Your task is to repeat the lines below exactly, excluding any pictures they contain.

───── Extracted entries

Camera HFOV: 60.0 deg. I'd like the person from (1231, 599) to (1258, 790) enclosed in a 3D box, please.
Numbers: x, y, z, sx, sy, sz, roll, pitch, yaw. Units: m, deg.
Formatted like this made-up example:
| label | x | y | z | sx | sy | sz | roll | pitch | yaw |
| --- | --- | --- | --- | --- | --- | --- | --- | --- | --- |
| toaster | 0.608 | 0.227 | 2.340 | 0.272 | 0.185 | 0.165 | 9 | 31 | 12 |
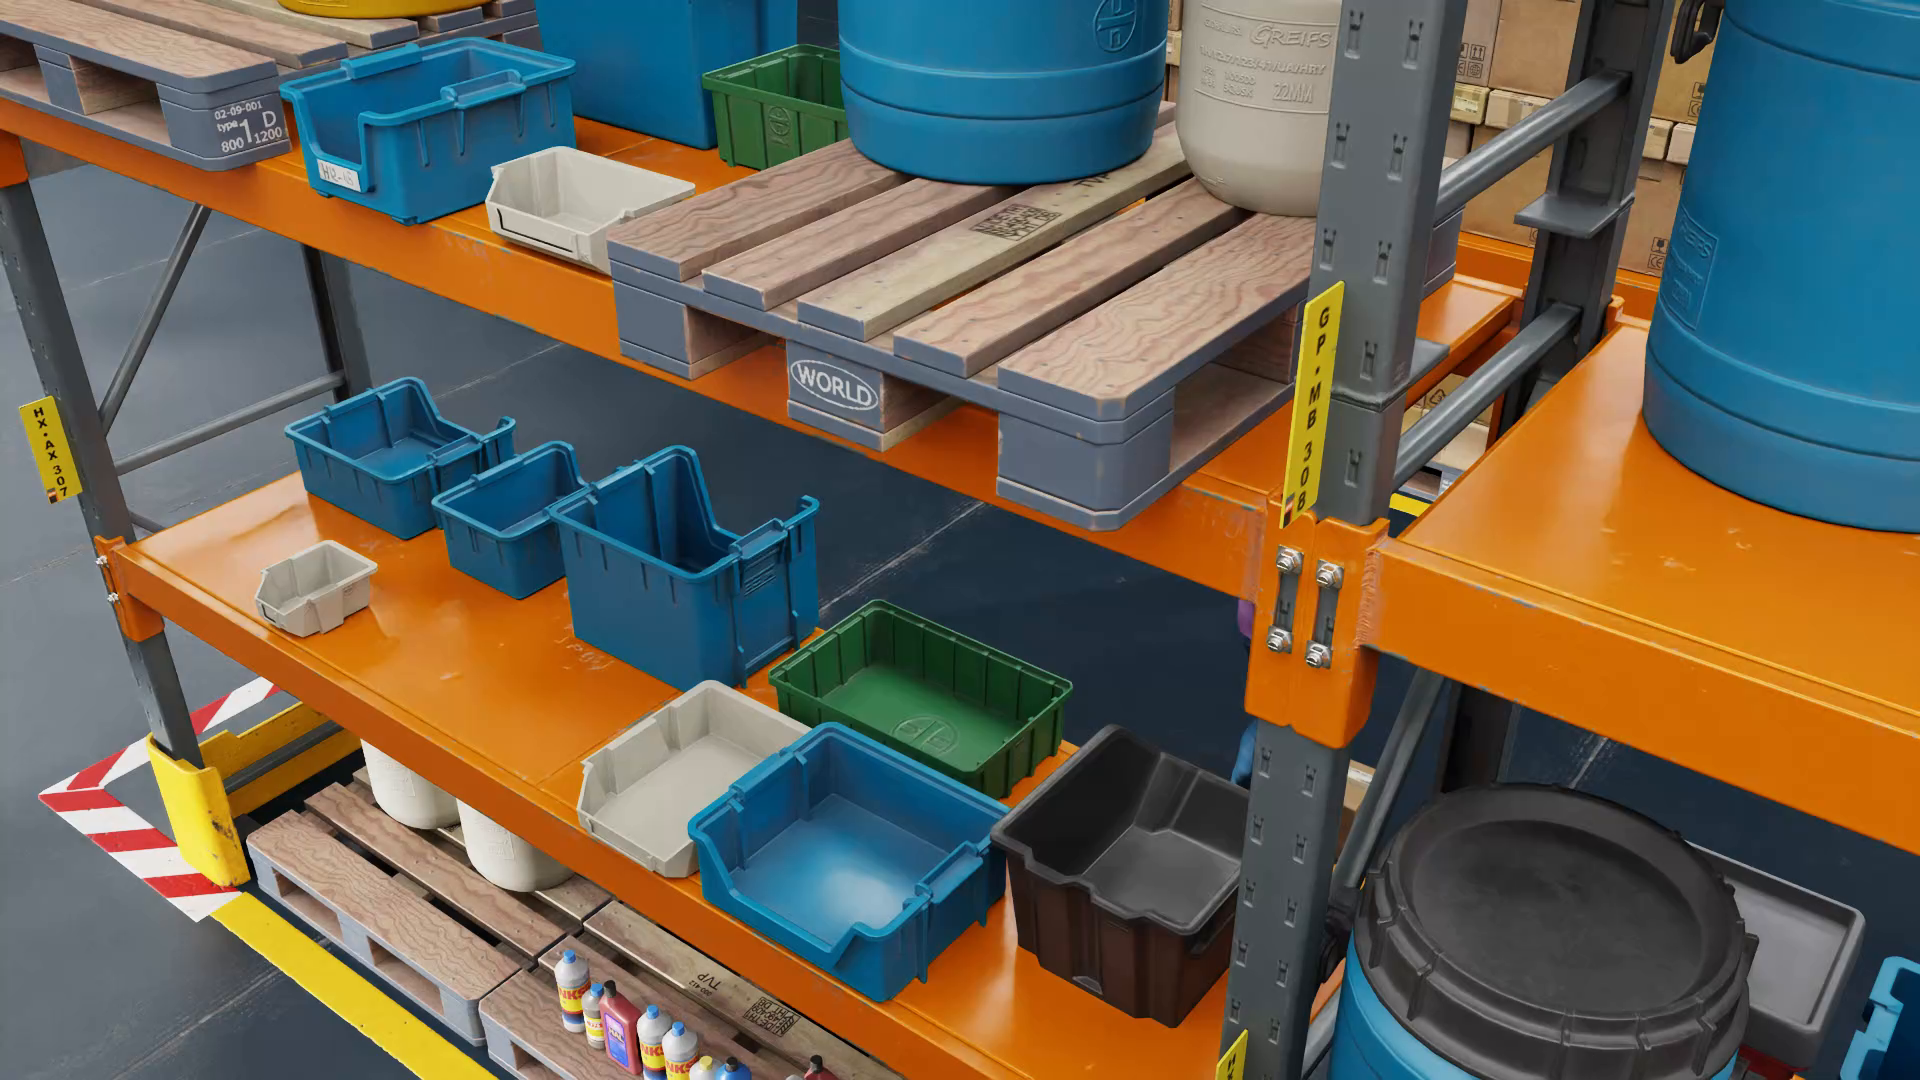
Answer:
| label | x | y | z | sx | sy | sz | roll | pitch | yaw |
| --- | --- | --- | --- | --- | --- | --- | --- | --- | --- |
| person | 1.128 | 0.297 | 5.657 | 0.348 | 1.592 | 0.471 | 20 | 36 | 29 |
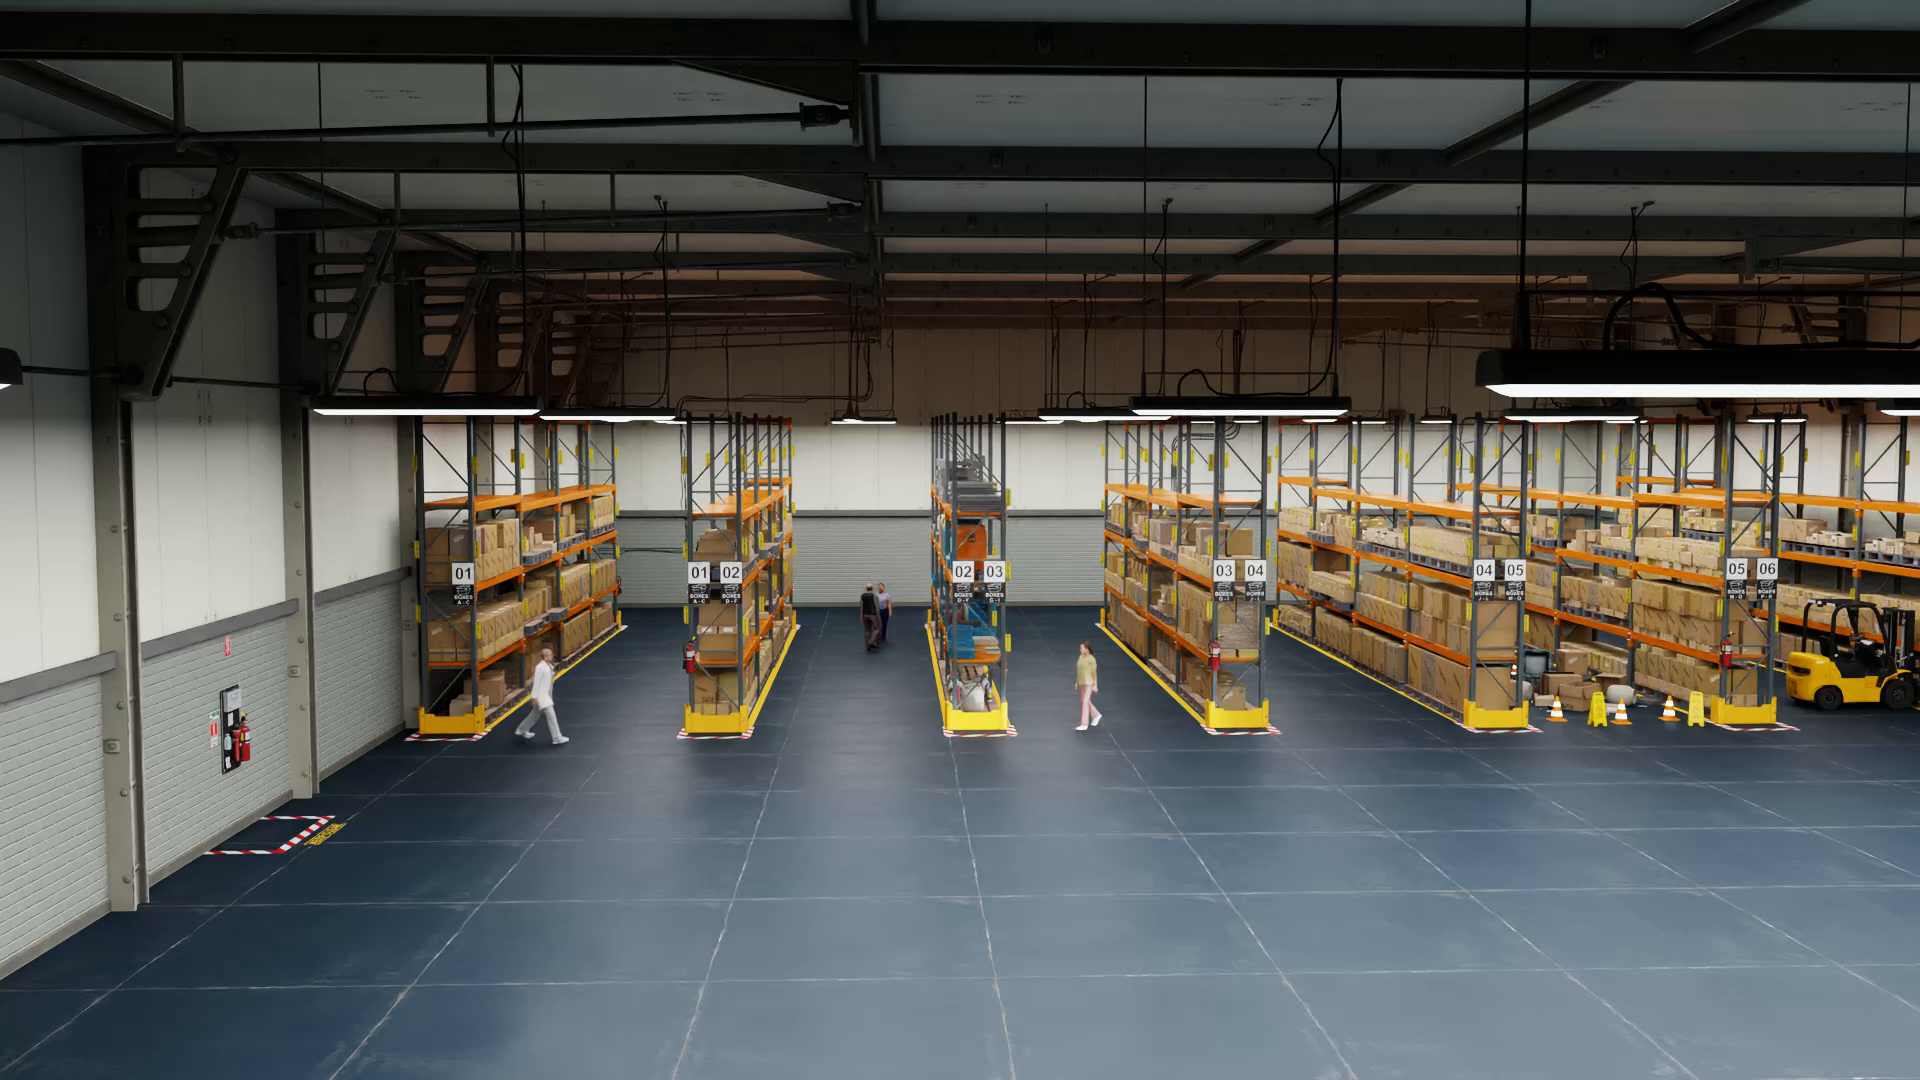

──────────

Task result:
Camera HFOV: 60.0 deg. I'd like the person from (1231, 599) to (1258, 790) enclosed in a 3D box, please.
Numbers: x, y, z, sx, sy, sz, roll, pitch, yaw. Units: m, deg.
Formatted like this made-up example:
| label | x | y | z | sx | sy | sz | roll | pitch | yaw |
| --- | --- | --- | --- | --- | --- | --- | --- | --- | --- |
| toaster | 0.608 | 0.227 | 2.340 | 0.272 | 0.185 | 0.165 | 9 | 31 | 12 |
Answer:
| label | x | y | z | sx | sy | sz | roll | pitch | yaw |
| --- | --- | --- | --- | --- | --- | --- | --- | --- | --- |
| person | 1.128 | 0.297 | 5.657 | 0.348 | 1.592 | 0.471 | 20 | 36 | 29 |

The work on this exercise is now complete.